» **What this task involves**:
Exclude the images, then return every line below exactly as written.

(Stored items from a collection)
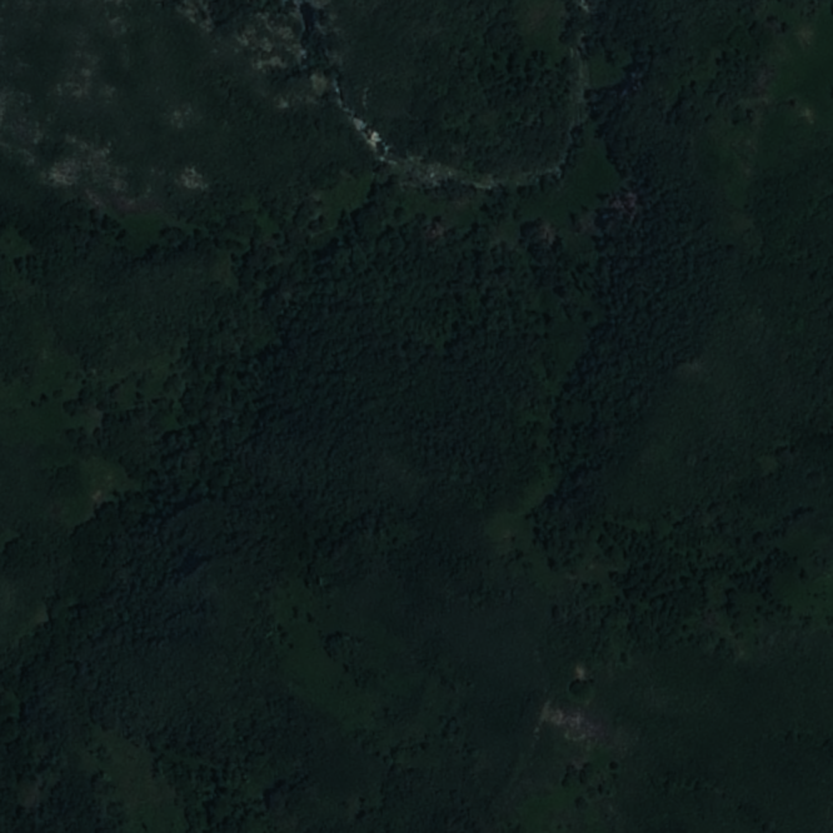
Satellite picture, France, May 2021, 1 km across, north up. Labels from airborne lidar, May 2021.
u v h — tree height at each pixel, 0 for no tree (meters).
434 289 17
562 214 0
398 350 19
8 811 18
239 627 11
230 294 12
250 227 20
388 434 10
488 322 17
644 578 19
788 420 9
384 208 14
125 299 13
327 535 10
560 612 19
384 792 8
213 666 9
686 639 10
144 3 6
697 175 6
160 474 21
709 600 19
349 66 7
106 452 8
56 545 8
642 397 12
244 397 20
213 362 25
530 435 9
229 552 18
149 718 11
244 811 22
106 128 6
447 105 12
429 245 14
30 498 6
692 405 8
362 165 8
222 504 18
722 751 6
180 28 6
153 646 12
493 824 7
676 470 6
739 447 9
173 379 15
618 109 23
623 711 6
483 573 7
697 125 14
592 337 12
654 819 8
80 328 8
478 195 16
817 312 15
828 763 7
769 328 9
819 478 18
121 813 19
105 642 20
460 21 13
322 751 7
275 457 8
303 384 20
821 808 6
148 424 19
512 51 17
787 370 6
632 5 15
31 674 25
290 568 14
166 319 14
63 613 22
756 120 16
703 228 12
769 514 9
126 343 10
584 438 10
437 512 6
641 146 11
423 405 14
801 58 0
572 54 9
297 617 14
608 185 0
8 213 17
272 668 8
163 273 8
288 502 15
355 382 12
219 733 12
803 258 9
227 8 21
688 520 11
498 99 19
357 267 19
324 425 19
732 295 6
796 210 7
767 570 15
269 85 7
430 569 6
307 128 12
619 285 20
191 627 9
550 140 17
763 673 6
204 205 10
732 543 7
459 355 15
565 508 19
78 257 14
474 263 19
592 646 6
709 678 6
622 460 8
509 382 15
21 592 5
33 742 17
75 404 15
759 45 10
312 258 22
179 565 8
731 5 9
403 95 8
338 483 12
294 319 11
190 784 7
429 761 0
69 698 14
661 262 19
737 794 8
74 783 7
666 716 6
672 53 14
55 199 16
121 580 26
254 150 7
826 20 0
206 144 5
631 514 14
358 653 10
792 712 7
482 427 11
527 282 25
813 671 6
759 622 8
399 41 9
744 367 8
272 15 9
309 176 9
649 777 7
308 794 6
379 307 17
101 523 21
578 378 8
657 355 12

» **Finished exercise**:
Satellite picture, France, May 2021, 1 km across, north up. Labels from airborne lidar, May 2021.
u v h — tree height at each pixel, 0 for no tree (meters).
434 289 17
562 214 0
398 350 19
8 811 18
239 627 11
230 294 12
250 227 20
388 434 10
488 322 17
644 578 19
788 420 9
384 208 14
125 299 13
327 535 10
560 612 19
384 792 8
213 666 9
686 639 10
144 3 6
697 175 6
160 474 21
709 600 19
349 66 7
106 452 8
56 545 8
642 397 12
244 397 20
213 362 25
530 435 9
229 552 18
149 718 11
244 811 22
106 128 6
447 105 12
429 245 14
30 498 6
692 405 8
362 165 8
222 504 18
722 751 6
180 28 6
153 646 12
493 824 7
676 470 6
739 447 9
173 379 15
618 109 23
623 711 6
483 573 7
697 125 14
592 337 12
654 819 8
80 328 8
478 195 16
817 312 15
828 763 7
769 328 9
819 478 18
121 813 19
105 642 20
460 21 13
322 751 7
275 457 8
303 384 20
821 808 6
148 424 19
512 51 17
787 370 6
632 5 15
31 674 25
290 568 14
166 319 14
63 613 22
756 120 16
703 228 12
769 514 9
126 343 10
584 438 10
437 512 6
641 146 11
423 405 14
801 58 0
572 54 9
297 617 14
608 185 0
8 213 17
272 668 8
163 273 8
288 502 15
355 382 12
219 733 12
803 258 9
227 8 21
688 520 11
498 99 19
357 267 19
324 425 19
732 295 6
796 210 7
767 570 15
269 85 7
430 569 6
307 128 12
619 285 20
191 627 9
550 140 17
763 673 6
204 205 10
732 543 7
459 355 15
565 508 19
78 257 14
474 263 19
592 646 6
709 678 6
622 460 8
509 382 15
21 592 5
33 742 17
75 404 15
759 45 10
312 258 22
179 565 8
731 5 9
403 95 8
338 483 12
294 319 11
190 784 7
429 761 0
69 698 14
661 262 19
737 794 8
74 783 7
666 716 6
672 53 14
55 199 16
121 580 26
254 150 7
826 20 0
206 144 5
631 514 14
358 653 10
792 712 7
482 427 11
527 282 25
813 671 6
759 622 8
399 41 9
744 367 8
272 15 9
309 176 9
649 777 7
308 794 6
379 307 17
101 523 21
578 378 8
657 355 12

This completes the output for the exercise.